HT: What are his ecological concerns?
Meyers: His main concern over ecological degradation in the Himalayas has to do with the people who set up so-called ashrams in the Gangotri/Gomukh region. These are really just tourist hotels, and they are devastating the forests for their commercial interests. About halfway between Gangotri and Gomukh there was a huge birch forest named bhojvasa ["sea of birches"] by Swami Tapovanam in the 1920's. Birches are very sacred trees. Scribes used to use them to write their manuscripts. If you go to bhojvasa today, it is a moonscape. It is beyond conception that this could have been a bhoj tree forest. Since nature is God in Sundarananda's view, to violate or destroy God in His highest order of physical manifestation is overwhelmingly sad to him.

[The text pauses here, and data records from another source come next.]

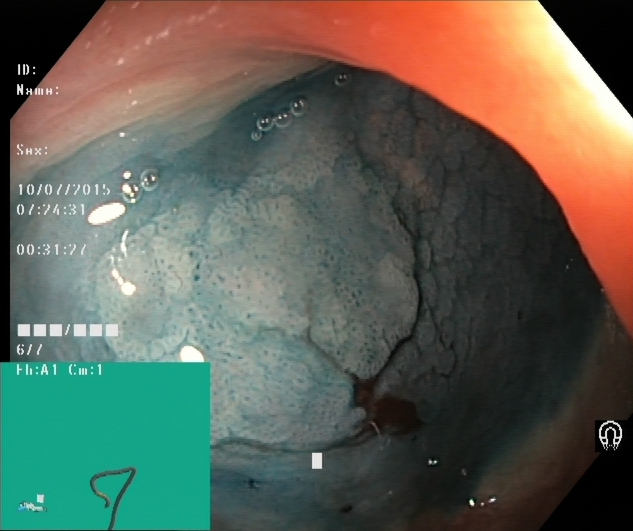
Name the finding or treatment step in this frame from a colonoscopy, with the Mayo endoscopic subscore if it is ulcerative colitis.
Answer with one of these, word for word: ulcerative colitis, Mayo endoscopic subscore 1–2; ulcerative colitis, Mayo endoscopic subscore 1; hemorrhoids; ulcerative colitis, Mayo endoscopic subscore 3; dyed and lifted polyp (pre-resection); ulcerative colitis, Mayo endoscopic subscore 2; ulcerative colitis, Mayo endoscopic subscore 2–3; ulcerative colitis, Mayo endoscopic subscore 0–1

dyed and lifted polyp (pre-resection)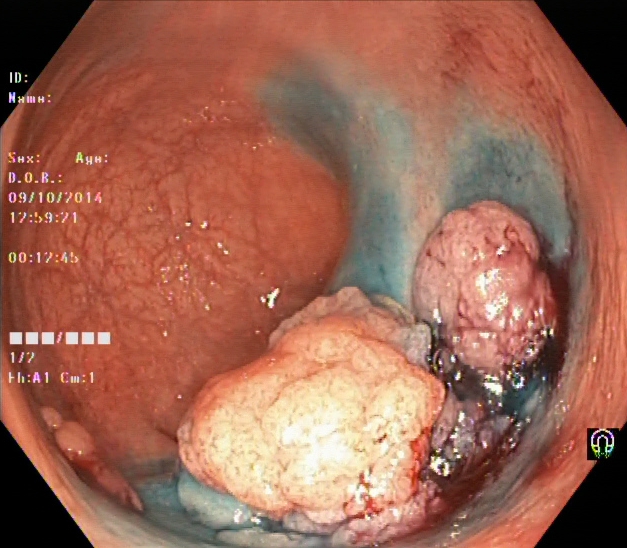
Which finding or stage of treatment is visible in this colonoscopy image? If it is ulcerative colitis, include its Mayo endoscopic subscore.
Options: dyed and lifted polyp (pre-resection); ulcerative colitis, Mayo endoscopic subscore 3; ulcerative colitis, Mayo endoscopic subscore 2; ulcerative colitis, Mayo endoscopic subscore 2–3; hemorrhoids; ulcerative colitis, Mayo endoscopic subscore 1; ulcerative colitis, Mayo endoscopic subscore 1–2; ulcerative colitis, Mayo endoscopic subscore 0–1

dyed and lifted polyp (pre-resection)

HT: What brought Swami to the Himalayas?
Meyers: He said from the time he was a little child he had this idea of being a sadhu. So when he was a teenager he ended up running away from home. He wended his way through India and met various teachers. Finally he ended up in Rishikesh and heard about this great scholar in the Himalayas, Swami Tapovanam. So he thought maybe he's the man. He went there and Tapovanam – who had a policy of shooing disciple candidates away – shooed him away. Sundarananda then lived in a cave and Tapovanam found him and told him he could come and be his servant. He lived with him for ten years in total devotion, cooking, carrying water, chopping wood. When Swami Tapovanam became terminally ill, he wanted to stay at Gangotri and Sundarananda would care for him. Then one night he died and left him this hut on the Gangotri. People often come to worship at the hut. They also talk to Sundarananda, but I doubt that few know what he is really about.
HT: How did photography enter his life?
Meyers: About thirty years ago he was guiding an expedition across a glacier. He was at the rear and just as everybody got across there was a cracking sound and the swami dropped into a crevasse. When the party rushed over, they found him dangling, holding himself by his arms. A Swiss took a photo and Sundarananda asked to be sent a copy of the shot. He never received a copy so he vowed to get a camera himself. He bought his first camera for 25 rupees. His photo guru was a famous photographer in New Delhi. He does not have a lot of fancy equipment. Many American tourists have more than he does. He uses an old Nikon, but he would like to eventually acquire a Hasselblat. Film and lenses and such come his way through admirers. He never begs, not even for food. He thinks a sadhu should just wait. He has a rule that if gifts have exceeded US$200, then he will give the excess away. His life is very simple. He is like an Indian John Muir and his journal is photographic rather than written. A few of the photographs nobody but a sadhu with a camera could get. During the winter season he will give 6 slide shows a day in a town. For 11 years he's gone on the road to bring awareness of the degenerating conditions in the Himalayas.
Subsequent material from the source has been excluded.